For each line that gets to this point in the script (should be the first blank line), retrieve the contents of the hold space into the pattern space. (This would be after the curly braces above.)
Substitute all newlines in the pattern space with nothing.
Next, substitute the last comma-and-space in the pattern space with nothing.
Finally, quit the program so you don't process any more lines. My script worked without this, but I'm not 100% sure why.
That being said, that's just one way to go about it. sed often offers varying ways of varying complexity to accomplish a task. A solution I wrote with this method is 10 lines long.

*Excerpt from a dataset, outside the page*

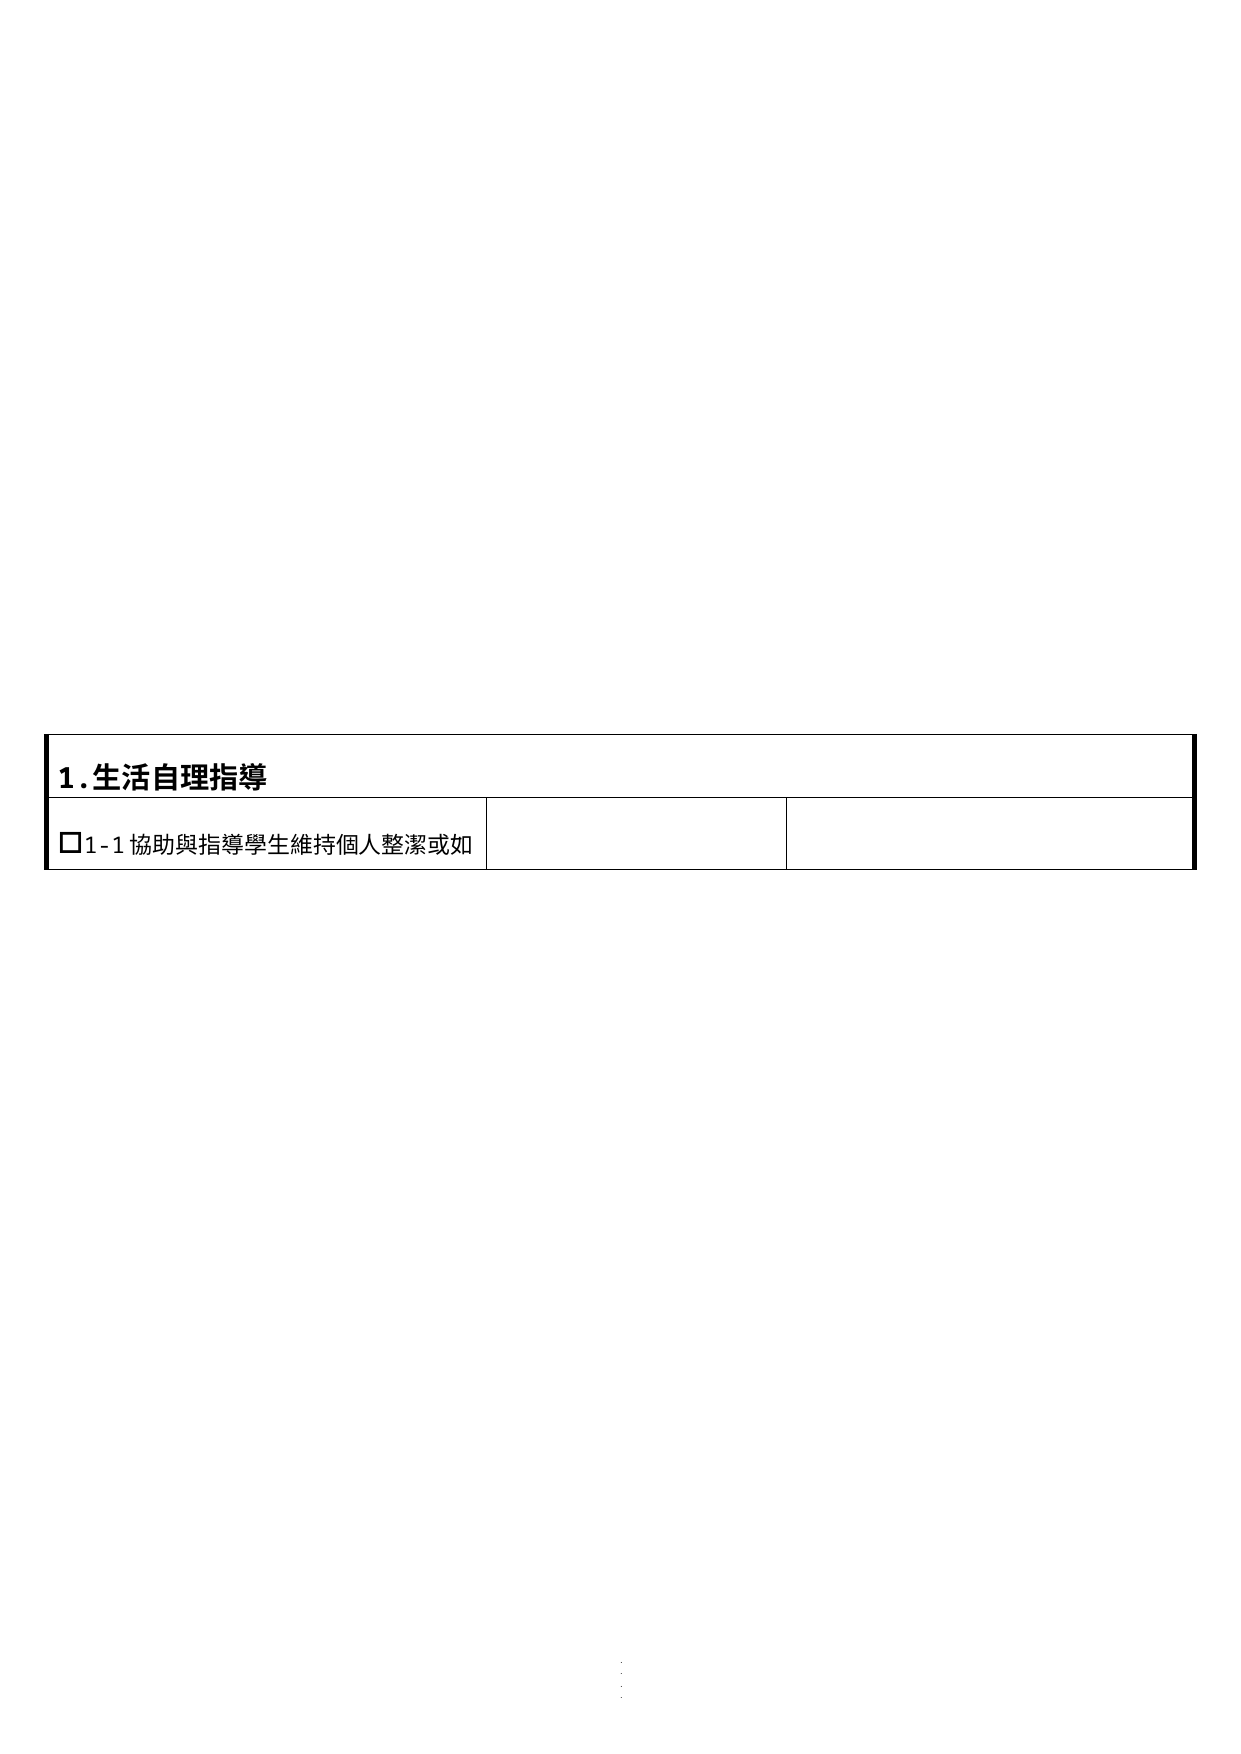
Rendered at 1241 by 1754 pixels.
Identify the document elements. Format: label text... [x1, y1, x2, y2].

As a note, I don't bother suppressing printing (with -n) or manually printing (with p); each line is printed by default. My script runs like this:
$ sed -f companies.sed companies
BAC, CSCO, INTC, MSFT, VZ, KO, MMM
This sed command should produce your required output:
sed -rn '/[0-9]+$/{s/^([^;]*).*$/\1/p;}' file.txt
OR on Mac:
sed -En '/[0-9]+$/{s/^([^;]*).*$/\1/p;}' file.txt
This might work for you:
sed '1d;/;/{s/;.*//;H};${g;s/.//;s/\n/, /g;q};d' stocks
We don't want the headings so let's delete them. 1d
All data items are delimited by ;'s so let's concentrate on those lines. /;/
Of the things above delete everything from the first ; to the end of line and then stuff it away in the the hold space (HS) {s/;.*//;H}
When you get to the last line, overwrite it with the HS using the g command, delete the first newline (generated by the H command), replace all subsequent newlines with a comma and a space and print out what's left. ${g;s/.//;s/\n/, /g;q}
Delete everything else d
Here's a terminal session showing the incremental refinement of building a sed command:
cat <<! >stock # paste the file into a here doc and pass it on to a file
> Symbol;Name;Volume
> ================================================
>
> BAC;Bank of America Corporation Com;238,059,612
> CSCO;Cisco Systems, Inc.;28,159,455
> INTC;Intel Corporation;22,501,784
> MSFT;Microsoft Corporation;23,363,118
> VZ;Verizon Communications Inc. Com;5,744,385
> KO;Coca-Cola Company (The) Common;3,752,569
> MMM;3M Company Common Stock;1,660,453
>
> ================================================
> !
sed '1d;/;/!d' stock # delete headings and everything but data lines
BAC;Bank of America Corporation Com;238,059,612
CSCO;Cisco Systems, Inc.;28,159,455
INTC;Intel Corporation;22,501,784
MSFT;Microsoft Corporation;23,363,118
VZ;Verizon Communications Inc. Com;5,744,385
KO;Coca-Cola Company (The) Common;3,752,569
MMM;3M Company Common Stock;1,660,453
sed '1d;/;/{s/;.*//p};d' stock # delete all non essential data
BAC
CSCO
INTC
MSFT
VZ
KO
MMM
sed '1d;/;/{s/;.*//;H};${g;l};d' stock # use the l command to see what's really there!
\nBAC\nCSCO\nINTC\nMSFT\nVZ\nKO\nMMM$
sed '1d;/;/{s/;.*//;H};${g;s/.//;s/\n/, /g;l};d' stock # refine refine
BAC, CSCO, INTC, MSFT, VZ, KO, MMM$
sed '1d;/;/{s/;.*//;H};${g;s/.//;s/\n/, /g;q};d' stock # all done!